» **Requirement**
Can you retype only the lines from the one with "1) car [27,619,47,633]" through the final line of the material, exactly as given?

(Records for the exercise begins)

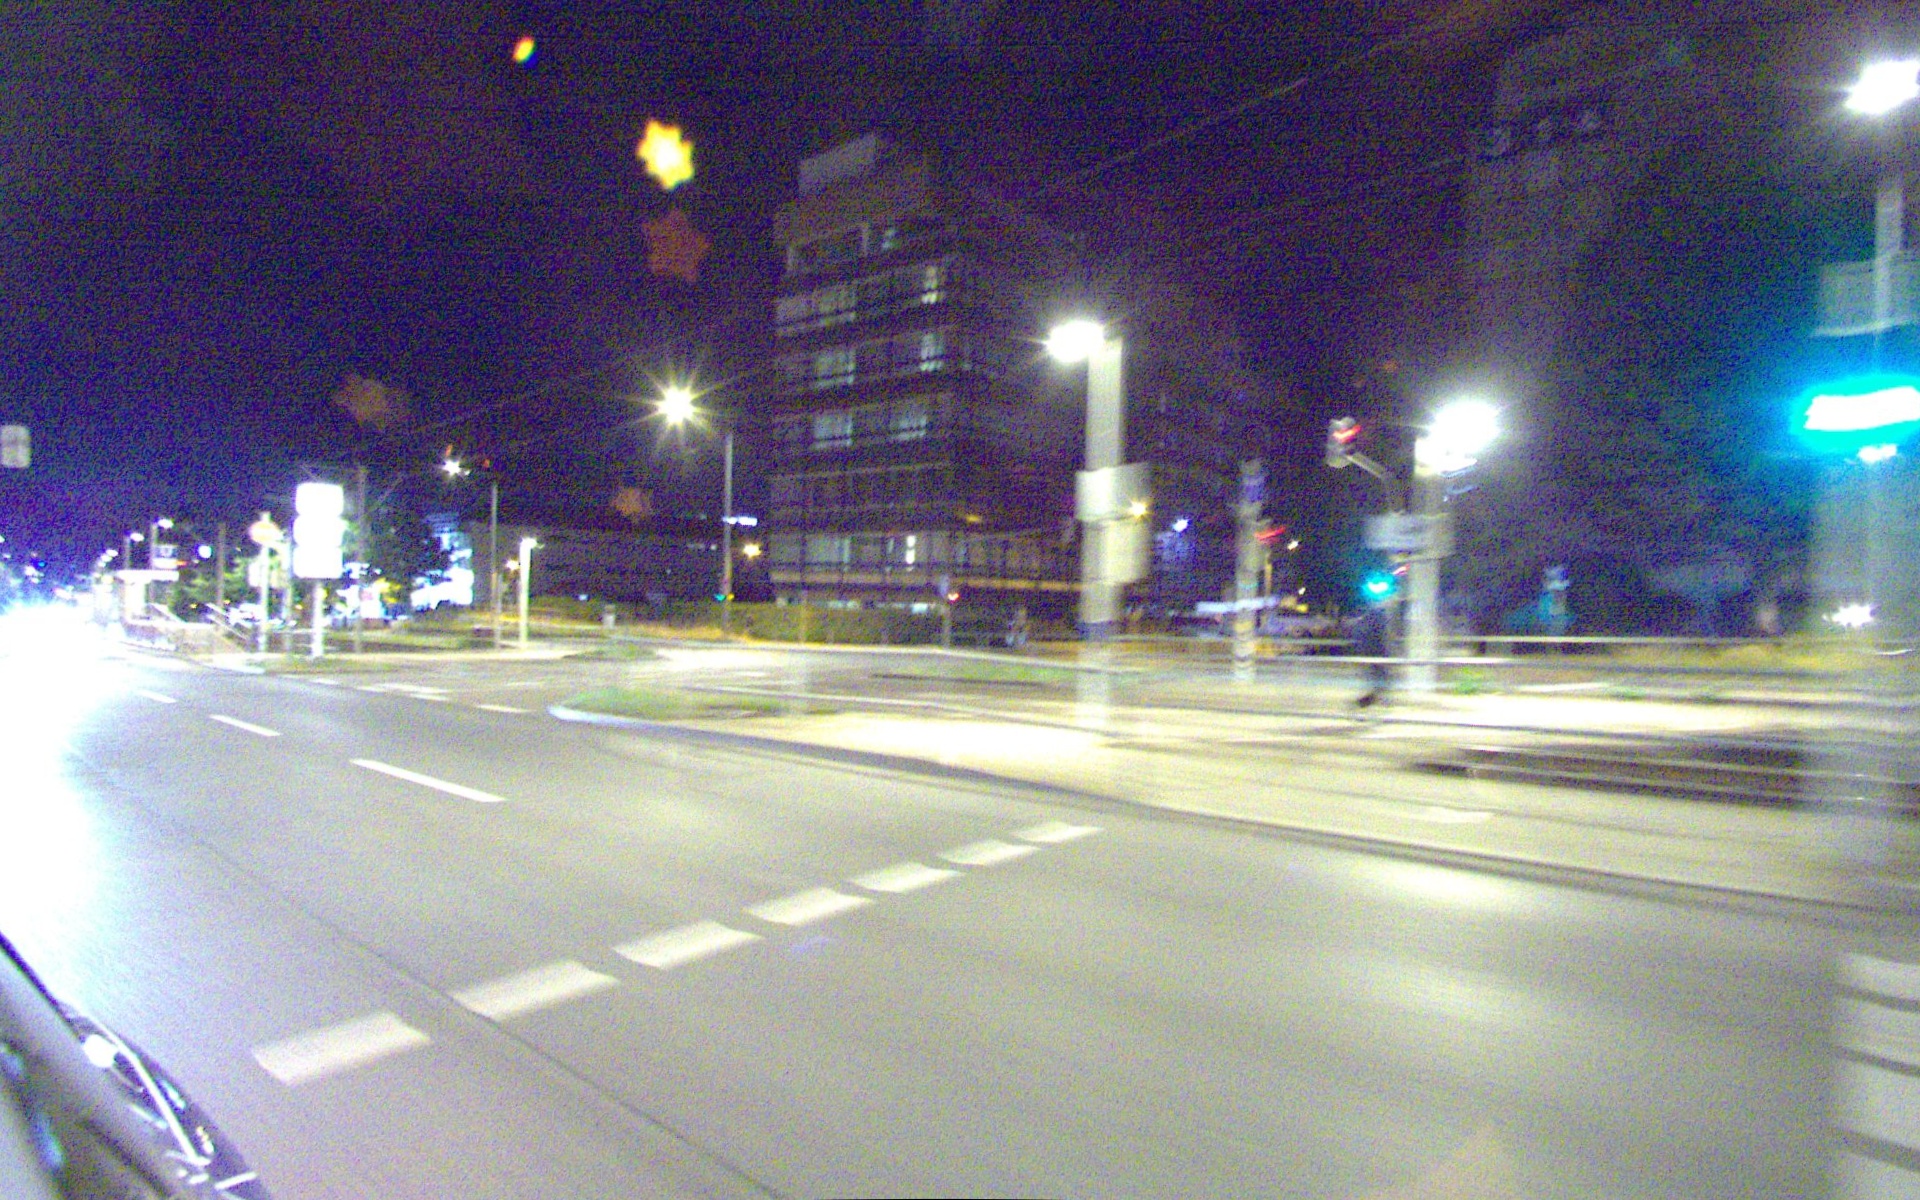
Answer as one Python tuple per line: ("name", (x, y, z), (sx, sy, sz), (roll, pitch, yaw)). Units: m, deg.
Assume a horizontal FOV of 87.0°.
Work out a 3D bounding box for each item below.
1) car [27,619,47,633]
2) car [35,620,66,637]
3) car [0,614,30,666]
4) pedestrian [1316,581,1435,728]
("car", (-115.740, 3.229, 126.902), (1.802, 1.719, 4.003), (0, -1, -44))
("car", (-87.164, 2.701, 96.967), (3.719, 1.630, 1.882), (-1, -1, 44))
("car", (-29.738, 1.219, 30.949), (1.832, 1.502, 3.564), (0, -1, -41))
("pedestrian", (5.019, 0.657, 12.268), (1.038, 1.701, 0.823), (1, -2, -12))

(Records for the exercise ends)

» **Result**
1) car [27,619,47,633]
2) car [35,620,66,637]
3) car [0,614,30,666]
4) pedestrian [1316,581,1435,728]
("car", (-115.740, 3.229, 126.902), (1.802, 1.719, 4.003), (0, -1, -44))
("car", (-87.164, 2.701, 96.967), (3.719, 1.630, 1.882), (-1, -1, 44))
("car", (-29.738, 1.219, 30.949), (1.832, 1.502, 3.564), (0, -1, -41))
("pedestrian", (5.019, 0.657, 12.268), (1.038, 1.701, 0.823), (1, -2, -12))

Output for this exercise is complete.